Every year in August, the Scottish capital plays host to the Edinburgh International Festival, Edinburgh International Festival Fringe, Edinburgh International Book Festival, Edinburgh Mela, Edinburgh Art Festival and the Royal Edinburgh Military Tattoo. At its peak, more than 25,000 artists, entertainers and thinkers populate the city with over 1,000 shows per day.

The world’s biggest arts festival just keeps growing larger by the year. This year, the Edinburgh International and Fringe festivals, which started together for the first time since 1998, will bring together the best of both worlds.

This year the Edinburgh International Festival officially opened with the Harmonium Project – a free outdoor event that also marked the 50th anniversary of the Edinburgh Festival Chorus. The project, created by 59 Productions, combined John Adams’s choral work Harmonium with a series of spectacular animations that were projected onto the outside of the venue —Usher Hall.

Other musical highlights over the weekend at the Usher Hall include the BBC Scottish Symphony Orchestra conducted by Donald Runnicles, and Celtic Dialogues with Jordi Savall, Martin Hayes and Dennis Cahill. The Queens Hall series opens with the Nash Ensemble, whilst Rudolf Buchbinder begins his cycle of Beethoven piano sonatas at the Playfair Library Hall.

Fergus Linehan, Edinburgh International Festival Director said: “It is now time for the team at the Edinburgh International Festival to take a back seat and leave audiences in the hands of the thousands of extraordinary artists that are arriving in our city to light up our theatres and concert halls. Here's to the courage and generosity of all of all those up onstage and thank you from all of us in the shadows”.

Meanwhile, over the three weeks of the Fringe there will be more than 50,000 performances of 3,314 shows, most of which are billed as comedy. Chief executive of the Edinburgh Festival Fringe Society, Kath Mainland, said it was the largest, oldest, most renowned festival in the world.

“Every year we think we know what it’s going to deliver, but every year it surprises, delights, amazes and inspires. The Fringe is a festival like no other,” she said. “Completely open access – where artists don’t need to wait for an invitation, where anyone with a story to tell is welcome. Where there’s no curator, no vetting, no barriers; just incredible talent from almost 50 countries all over the world.”
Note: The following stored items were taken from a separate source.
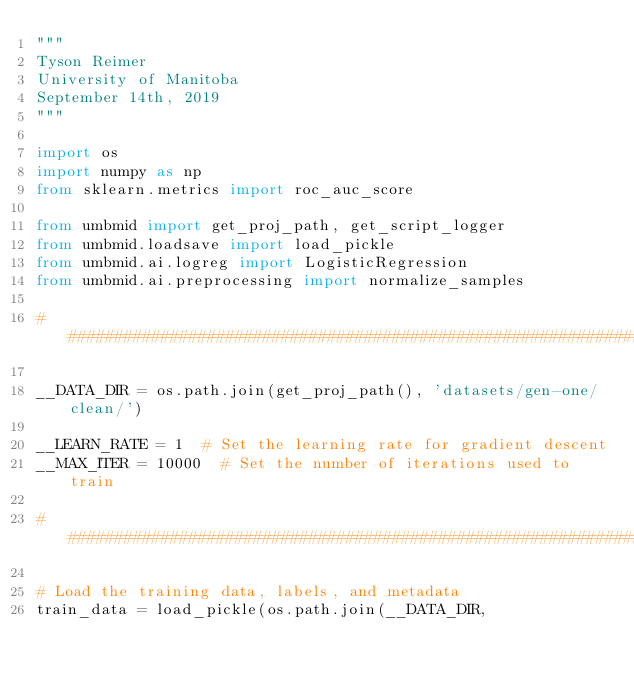Convert code to text. <code><loc_0><loc_0><loc_500><loc_500><_Python_>"""
Tyson Reimer
University of Manitoba
September 14th, 2019
"""

import os
import numpy as np
from sklearn.metrics import roc_auc_score

from umbmid import get_proj_path, get_script_logger
from umbmid.loadsave import load_pickle
from umbmid.ai.logreg import LogisticRegression
from umbmid.ai.preprocessing import normalize_samples

###############################################################################

__DATA_DIR = os.path.join(get_proj_path(), 'datasets/gen-one/clean/')

__LEARN_RATE = 1  # Set the learning rate for gradient descent
__MAX_ITER = 10000  # Set the number of iterations used to train

###############################################################################

# Load the training data, labels, and metadata
train_data = load_pickle(os.path.join(__DATA_DIR,</code> 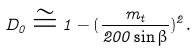Convert formula to latex. <formula><loc_0><loc_0><loc_500><loc_500>D _ { 0 } \cong 1 - ( \frac { m _ { t } } { 2 0 0 \sin { \beta } } ) ^ { 2 } .</formula> 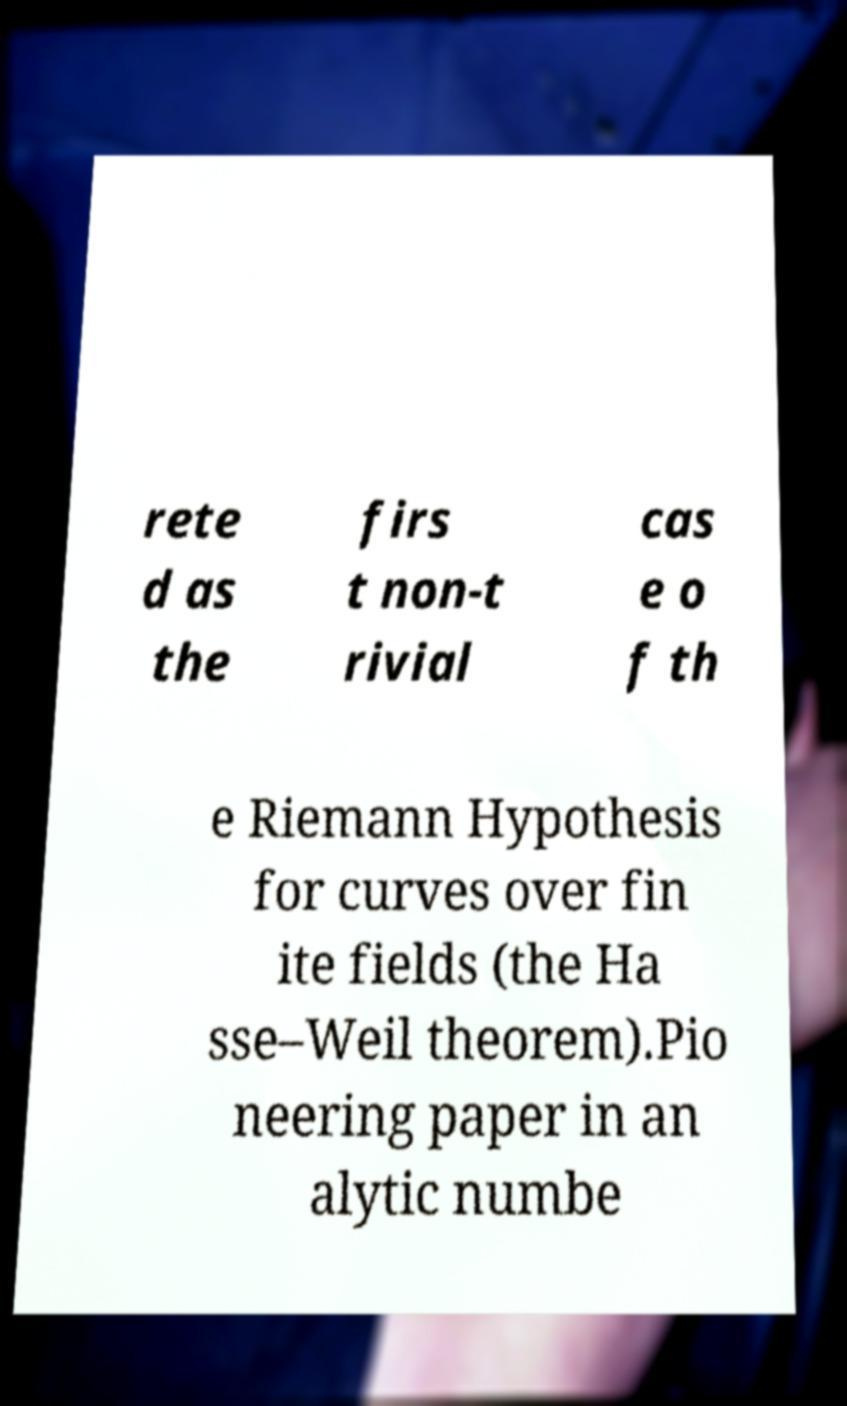Please read and relay the text visible in this image. What does it say? rete d as the firs t non-t rivial cas e o f th e Riemann Hypothesis for curves over fin ite fields (the Ha sse–Weil theorem).Pio neering paper in an alytic numbe 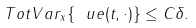<formula> <loc_0><loc_0><loc_500><loc_500>T o t V a r _ { x } \{ \ u e ( t , \cdot ) \} \leq C \delta .</formula> 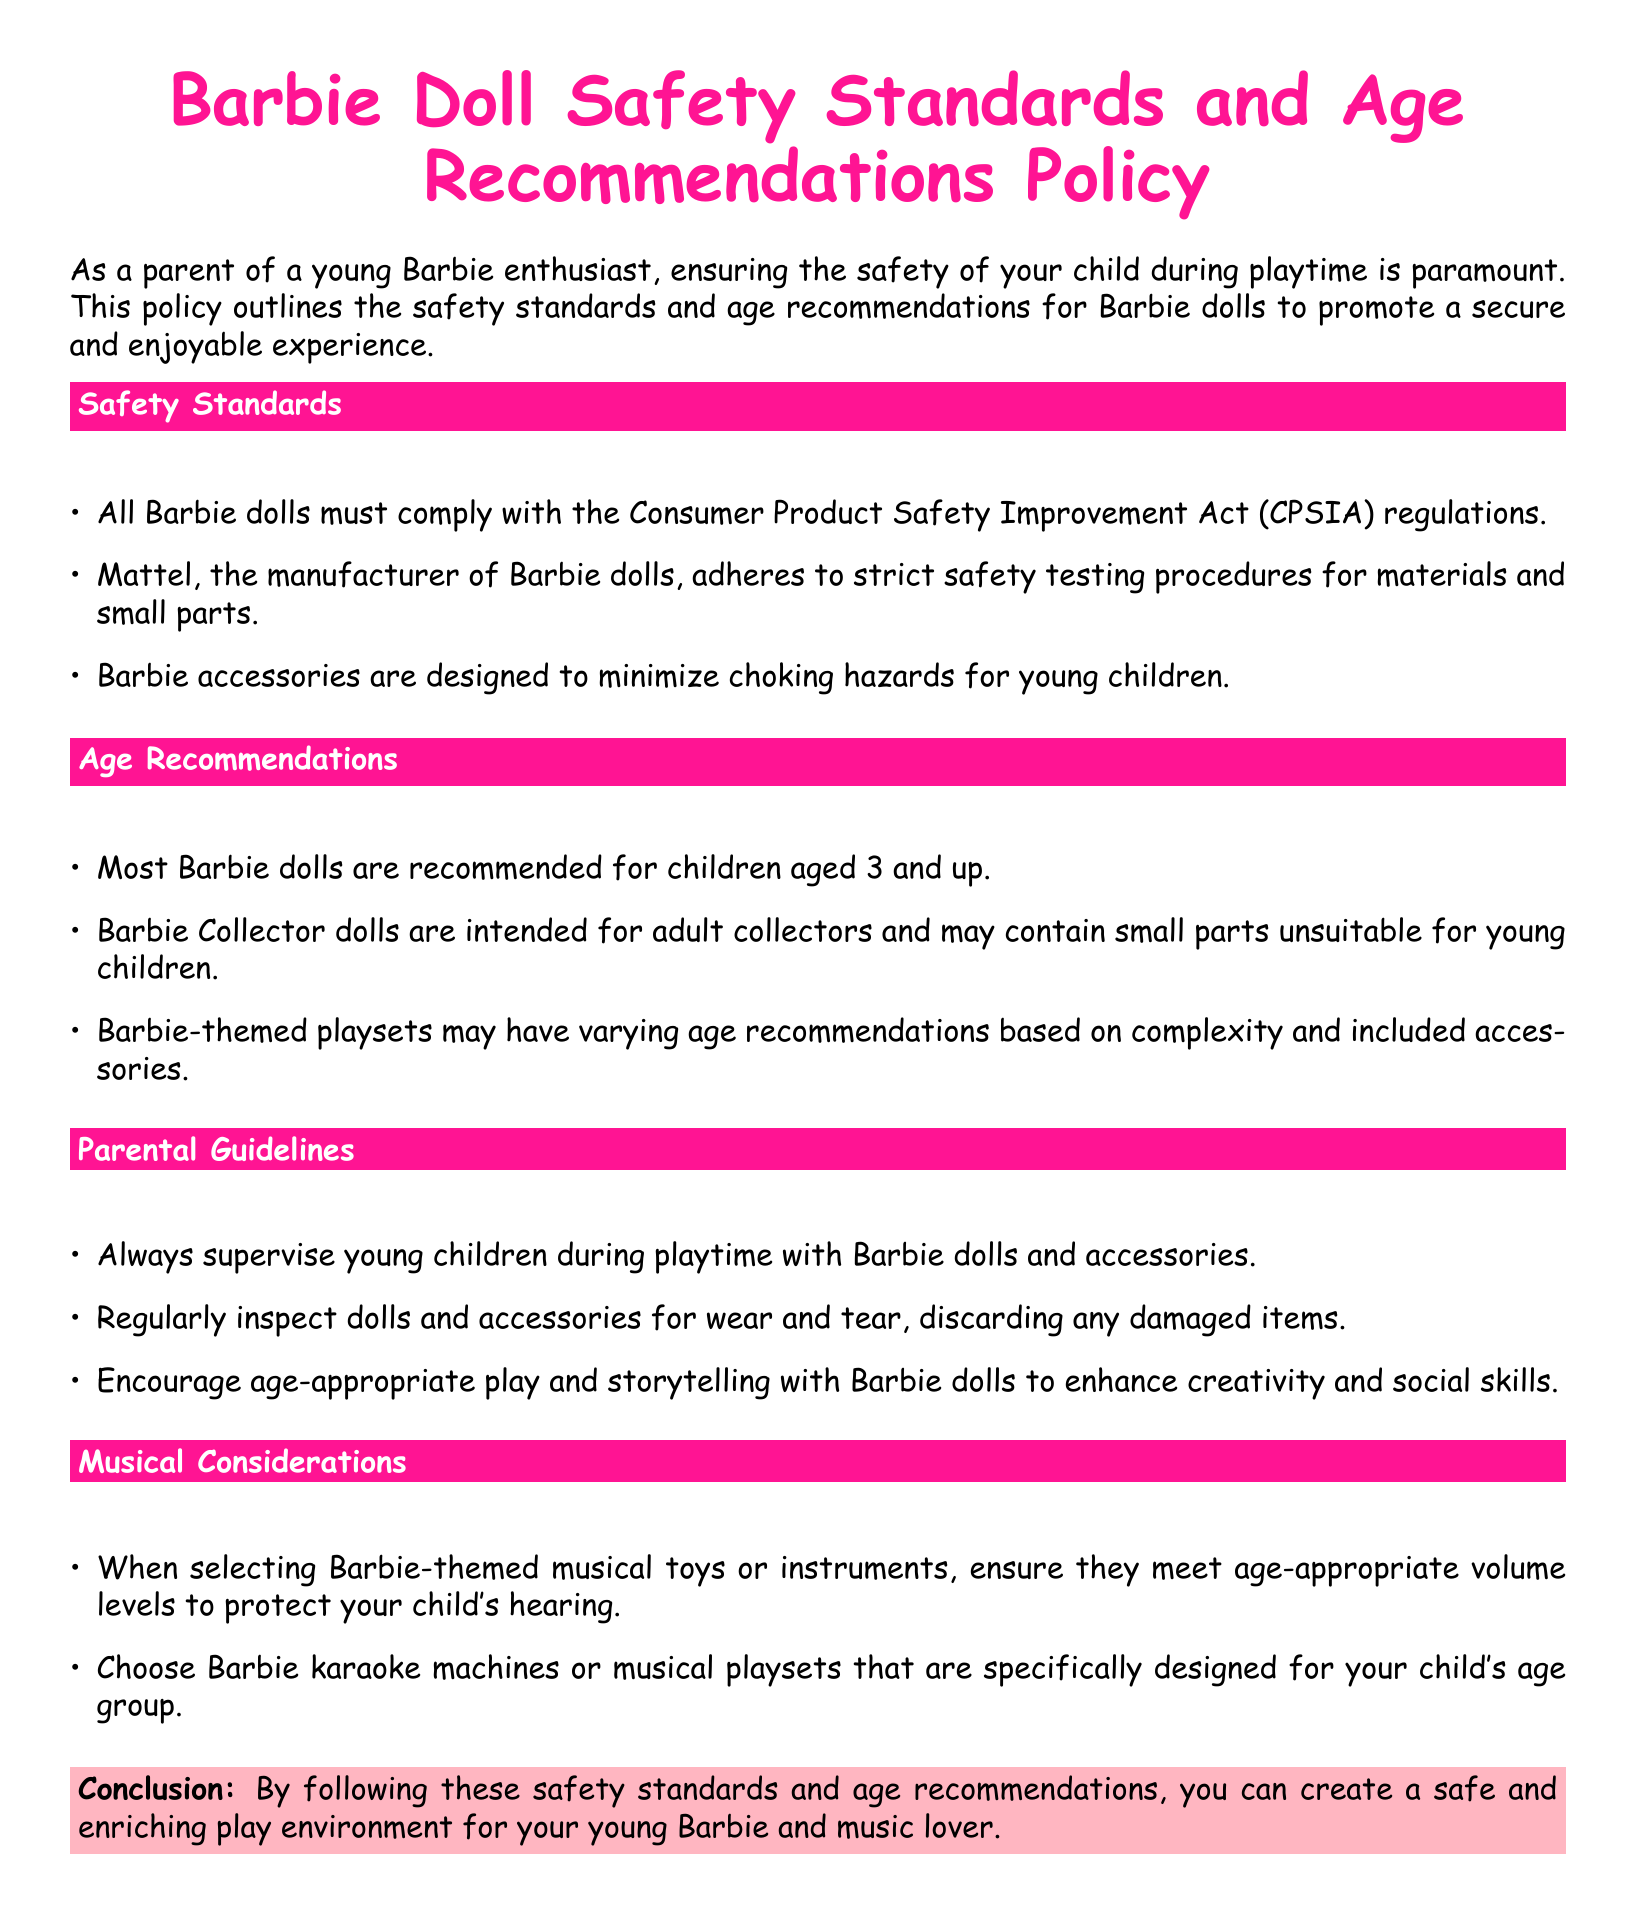What are the safety standards for Barbie dolls? The safety standards for Barbie dolls include compliance with the CPSIA regulations and adherence to safety testing procedures by Mattel.
Answer: CPSIA regulations What is the recommended age for most Barbie dolls? The document states that most Barbie dolls are recommended for a specific minimum age.
Answer: 3 and up What should parents do to ensure safe play? Parents are guided to supervise children during playtime and regularly inspect dolls and accessories.
Answer: Supervise What is a notable feature of Barbie accessories? A specific design consideration is mentioned regarding choking hazards for young children.
Answer: Minimize choking hazards What are Barbie Collector dolls intended for? The document specifies a particular audience for Barbie Collector dolls due to a safety reason.
Answer: Adult collectors How can parents enhance creativity during play? The document suggests a particular type of play that encourages creativity and social skills.
Answer: Age-appropriate play What volume levels should musical toys meet? When selecting musical toys, there is a specific consideration mentioned to protect children.
Answer: Age-appropriate volume levels What should parents do with damaged items? The parents are advised to take a specific action regarding wear and tear in play items.
Answer: Discard What is the conclusion regarding safety standards? The conclusion emphasizes a certain outcome if the guidelines are followed.
Answer: Safe and enriching play environment

Throughout the festival hundreds of awards will be handed out to acts from almost 50 countries, including Japan, South Korea, Russia and Finland. It has a reputation for giving new talent its big break, and Mainland said its importance could not be underestimated.

“It’s an incredibly important festival for Scotland, the UK and our performing artists. A vital platform to showcase the range and diversity of creative skills on offer,” she said. “It is a profoundly international marketplace which can have transformative effects on careers. It is an explosion of culture which can be life-changing for the audience. And lots and lots of fun.”